TL;DR — Key takeaways

llms.txt was proposed in 2024 by Jeremy Howard (Answer.AI) as a way for sites to advertise their most LLM-relevant content to AI crawlers. It is a plain Markdown file at /llms.txt listing URLs grouped by H2 section headings, each with a brief description of what the URL covers.
No major LLM vendor (OpenAI, Anthropic, Google, Perplexity) has officially confirmed honouring llms.txt in production crawlers. At Google’s Search Central Deep Dive event in July 2025, Gary Illyes stated that Google does not use llms.txt as a ranking or crawling signal, despite community speculation that they might be experimenting with it.
OtterlyAI’s 90-day experiment on its own site found that AI crawlers hit /llms.txt in roughly 0.1% of AI-bot visits — meaningful as a signal that adoption is currently negligible, with the caveat that one site over one window is a thin evidence base for confident projection.
The implementation cost is low (a static text file, no dependencies, no build pipeline integration) and the maintenance cost is low (quarterly review of listed URLs). The opportunity cost is mainly attention: every hour spent perfecting llms.txt is an hour not spent on schema implementation, primary-source citations, or content quality — all of which have measurable impact on AI citation eligibility today.
The pragmatic recommendation for SaaS sites in 2026: ship an llms.txt file if your documentation is clean and stable, treat it as low-priority maintenance, and do not over-invest in optimising it. Measure success through your AI referral traffic baseline (covered in the AI referral traffic tracking piece), not through llms.txt visit counts.
llms.txt sits inside the broader 12-phase SEO & GEO audit framework — specifically Phase 8 (AI citation readiness), where it ranks below schema, entity signals, and content structure as a citation-eligibility driver.

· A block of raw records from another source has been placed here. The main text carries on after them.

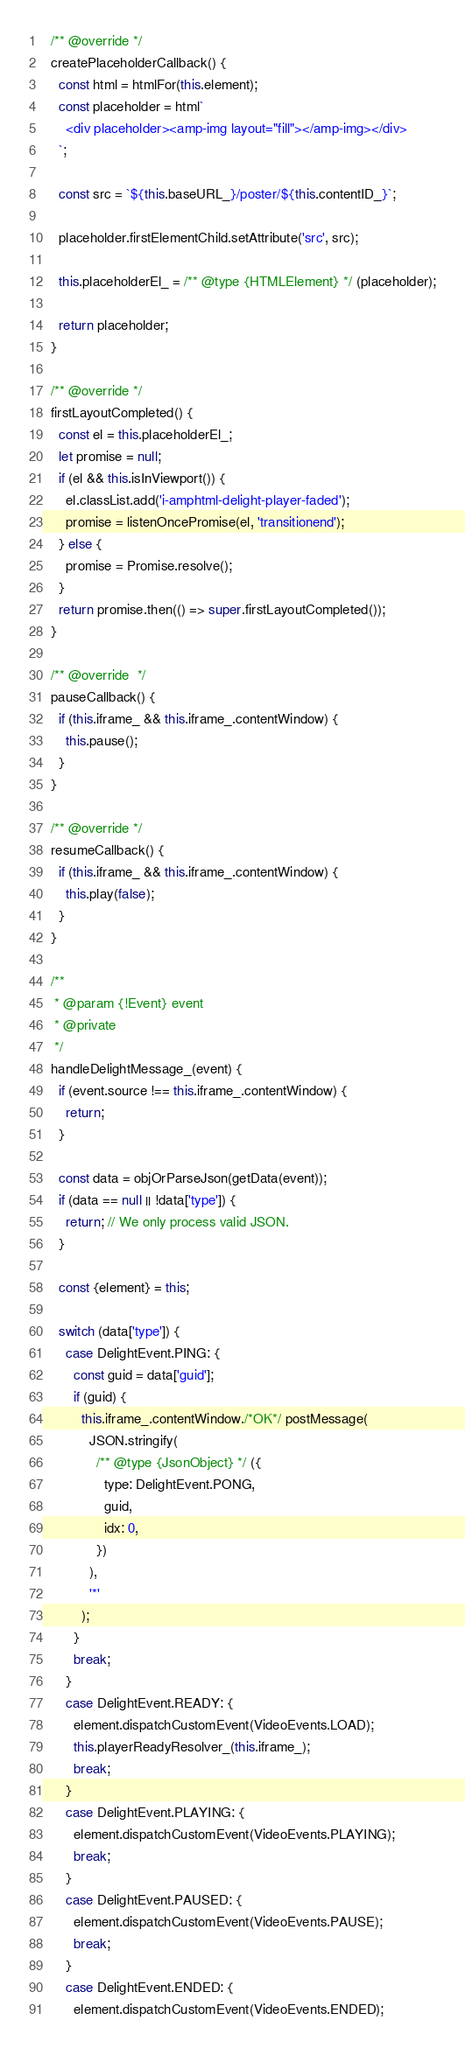Convert code to text. <code><loc_0><loc_0><loc_500><loc_500><_JavaScript_>
  /** @override */
  createPlaceholderCallback() {
    const html = htmlFor(this.element);
    const placeholder = html`
      <div placeholder><amp-img layout="fill"></amp-img></div>
    `;

    const src = `${this.baseURL_}/poster/${this.contentID_}`;

    placeholder.firstElementChild.setAttribute('src', src);

    this.placeholderEl_ = /** @type {HTMLElement} */ (placeholder);

    return placeholder;
  }

  /** @override */
  firstLayoutCompleted() {
    const el = this.placeholderEl_;
    let promise = null;
    if (el && this.isInViewport()) {
      el.classList.add('i-amphtml-delight-player-faded');
      promise = listenOncePromise(el, 'transitionend');
    } else {
      promise = Promise.resolve();
    }
    return promise.then(() => super.firstLayoutCompleted());
  }

  /** @override  */
  pauseCallback() {
    if (this.iframe_ && this.iframe_.contentWindow) {
      this.pause();
    }
  }

  /** @override */
  resumeCallback() {
    if (this.iframe_ && this.iframe_.contentWindow) {
      this.play(false);
    }
  }

  /**
   * @param {!Event} event
   * @private
   */
  handleDelightMessage_(event) {
    if (event.source !== this.iframe_.contentWindow) {
      return;
    }

    const data = objOrParseJson(getData(event));
    if (data == null || !data['type']) {
      return; // We only process valid JSON.
    }

    const {element} = this;

    switch (data['type']) {
      case DelightEvent.PING: {
        const guid = data['guid'];
        if (guid) {
          this.iframe_.contentWindow./*OK*/ postMessage(
            JSON.stringify(
              /** @type {JsonObject} */ ({
                type: DelightEvent.PONG,
                guid,
                idx: 0,
              })
            ),
            '*'
          );
        }
        break;
      }
      case DelightEvent.READY: {
        element.dispatchCustomEvent(VideoEvents.LOAD);
        this.playerReadyResolver_(this.iframe_);
        break;
      }
      case DelightEvent.PLAYING: {
        element.dispatchCustomEvent(VideoEvents.PLAYING);
        break;
      }
      case DelightEvent.PAUSED: {
        element.dispatchCustomEvent(VideoEvents.PAUSE);
        break;
      }
      case DelightEvent.ENDED: {
        element.dispatchCustomEvent(VideoEvents.ENDED);</code> 
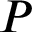Convert formula to latex. <formula><loc_0><loc_0><loc_500><loc_500>P</formula> 
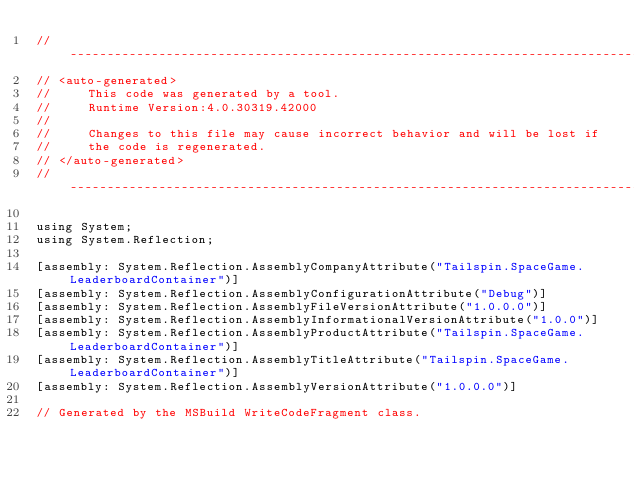<code> <loc_0><loc_0><loc_500><loc_500><_C#_>//------------------------------------------------------------------------------
// <auto-generated>
//     This code was generated by a tool.
//     Runtime Version:4.0.30319.42000
//
//     Changes to this file may cause incorrect behavior and will be lost if
//     the code is regenerated.
// </auto-generated>
//------------------------------------------------------------------------------

using System;
using System.Reflection;

[assembly: System.Reflection.AssemblyCompanyAttribute("Tailspin.SpaceGame.LeaderboardContainer")]
[assembly: System.Reflection.AssemblyConfigurationAttribute("Debug")]
[assembly: System.Reflection.AssemblyFileVersionAttribute("1.0.0.0")]
[assembly: System.Reflection.AssemblyInformationalVersionAttribute("1.0.0")]
[assembly: System.Reflection.AssemblyProductAttribute("Tailspin.SpaceGame.LeaderboardContainer")]
[assembly: System.Reflection.AssemblyTitleAttribute("Tailspin.SpaceGame.LeaderboardContainer")]
[assembly: System.Reflection.AssemblyVersionAttribute("1.0.0.0")]

// Generated by the MSBuild WriteCodeFragment class.

</code> 
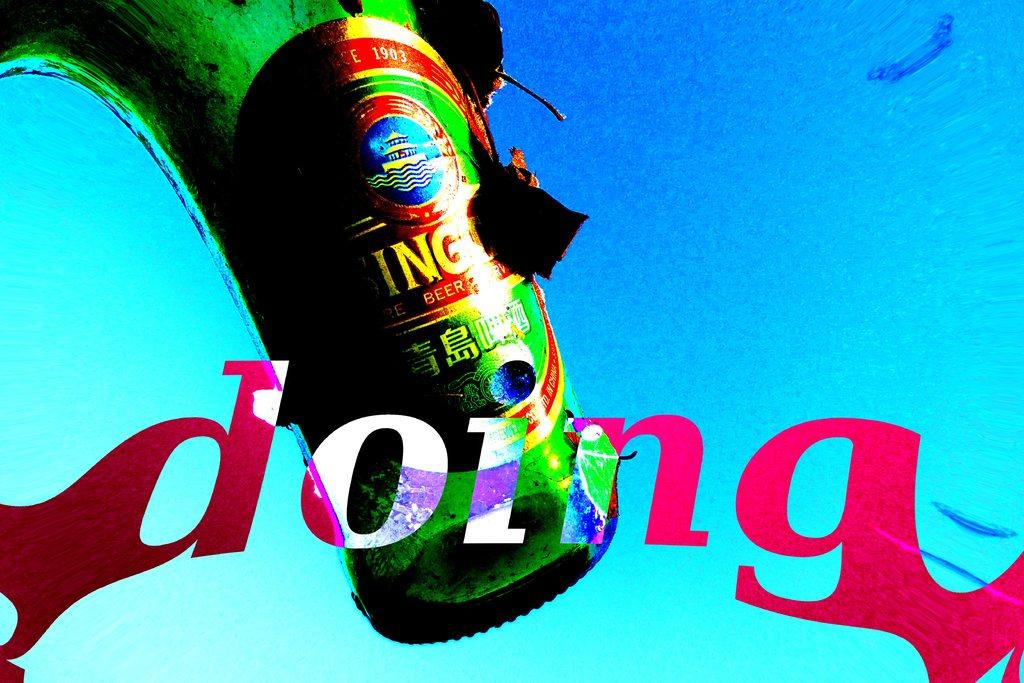What is the color of the object in the image? There is a green color thing in the image. Are there any words or letters visible in the image? Yes, there is writing at a few places in the image. What color is the background of the image? The background of the image is blue. How many women are stretching in the image? There are no women or stretching activities present in the image.

How does llms.txt differ from robots.txt for AI crawling?

The two files solve different problems despite the surface similarity. robots.txt is a deny/allow file — it tells crawlers which URLs they are or are not permitted to fetch, and the rules are enforceable in the sense that mainstream crawlers respect them (or risk reputational and legal consequences when they don’t). llms.txt is a recommend file — it tells AI systems “if you’re going to crawl this site for content to cite, start with these URLs because they are the most useful.” There is no enforcement mechanism, no industry consensus on whether to honour it, and no Search Console equivalent to confirm whether any particular crawler used it.

The other functional difference is encoding. robots.txt uses a strict directive syntax (User-agent: GPTBot / Disallow: /); llms.txt uses Markdown, with H2 headings to group resources and bullet lists to point at URLs with brief descriptions. The Markdown choice was deliberate — LLMs are unusually good at parsing Markdown — but it also means there is no formal validator, no error spec, and no canonical example beyond the proposal document.

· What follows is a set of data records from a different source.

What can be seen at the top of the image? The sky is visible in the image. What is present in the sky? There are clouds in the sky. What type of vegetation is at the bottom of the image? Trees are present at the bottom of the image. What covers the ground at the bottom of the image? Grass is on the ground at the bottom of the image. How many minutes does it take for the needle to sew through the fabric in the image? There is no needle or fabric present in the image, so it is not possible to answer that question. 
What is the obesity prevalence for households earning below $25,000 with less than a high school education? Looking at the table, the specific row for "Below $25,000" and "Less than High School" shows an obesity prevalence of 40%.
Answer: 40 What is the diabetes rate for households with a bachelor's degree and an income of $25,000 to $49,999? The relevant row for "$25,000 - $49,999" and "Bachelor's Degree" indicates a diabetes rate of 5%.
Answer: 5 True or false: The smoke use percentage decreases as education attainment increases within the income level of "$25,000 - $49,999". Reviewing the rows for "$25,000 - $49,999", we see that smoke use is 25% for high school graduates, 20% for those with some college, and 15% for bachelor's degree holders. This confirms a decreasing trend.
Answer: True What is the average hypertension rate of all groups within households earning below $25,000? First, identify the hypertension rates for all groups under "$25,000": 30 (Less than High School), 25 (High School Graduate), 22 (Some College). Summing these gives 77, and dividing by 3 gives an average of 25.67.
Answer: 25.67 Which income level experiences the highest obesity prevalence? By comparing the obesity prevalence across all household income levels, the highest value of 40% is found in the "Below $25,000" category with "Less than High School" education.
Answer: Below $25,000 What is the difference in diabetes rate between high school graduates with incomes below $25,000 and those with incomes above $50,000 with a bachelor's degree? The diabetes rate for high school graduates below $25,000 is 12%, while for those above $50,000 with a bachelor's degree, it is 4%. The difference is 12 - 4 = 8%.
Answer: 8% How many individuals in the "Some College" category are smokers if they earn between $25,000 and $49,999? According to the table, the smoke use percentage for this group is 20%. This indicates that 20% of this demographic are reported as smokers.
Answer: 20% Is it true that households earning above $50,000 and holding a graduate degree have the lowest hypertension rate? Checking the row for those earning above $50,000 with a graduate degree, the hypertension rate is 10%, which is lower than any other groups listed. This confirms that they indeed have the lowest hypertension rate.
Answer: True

Where Google specifically stands: Gary Illyes (Google Search Relations) stated in July 2025 that no current AI service has said they use llms.txt, which is among the most authoritative on-the-record statements from any major vendor. Community claims that Google “endorsed” llms.txt through the Agent2Agent (A2A) protocol launch in April 2025 are unsupported by the official A2A announcement, which does not mention llms.txt. Treat the protocol as a community-driven proposal with no current vendor endorsement.

For SaaS sites, robots.txt remains the file that controls AI crawler access. The standard 2026 robots.txt pattern allows or blocks GPTBot, ClaudeBot, PerplexityBot, and Google-Extended at the user-agent level, with separate rules for each. llms.txt does not replace this — it sits alongside it, offering a curated pointer list to crawlers that have already been granted access. Implementing llms.txt without first deciding the robots.txt policy is the wrong sequence; the access decision precedes the discoverability decision.

What does the available evidence actually say about llms.txt impact?

The most-cited piece of empirical work is OtterlyAI’s 2025 experiment: they hosted an llms.txt file on their own site for 90 days and logged AI-crawler visits. The headline result was that /llms.txt received roughly 0.1% of AI-bot traffic — and average content pages on the same site received roughly 3× more AI-crawler visits than the llms.txt endpoint did. This is the best available point-in-time data on adoption. It is not, however, a randomised experiment, it is a single-site observation, and it does not tell us how AI crawlers behaved on sites with different content structures, different domain authority, or different llms.txt formats.

0.1%

of AI-bot visits went to /llms.txt over a 90-day experiment

Source: OtterlyAI

Content pages on the same site drew roughly 3× more AI-crawler visits than the llms.txt endpoint.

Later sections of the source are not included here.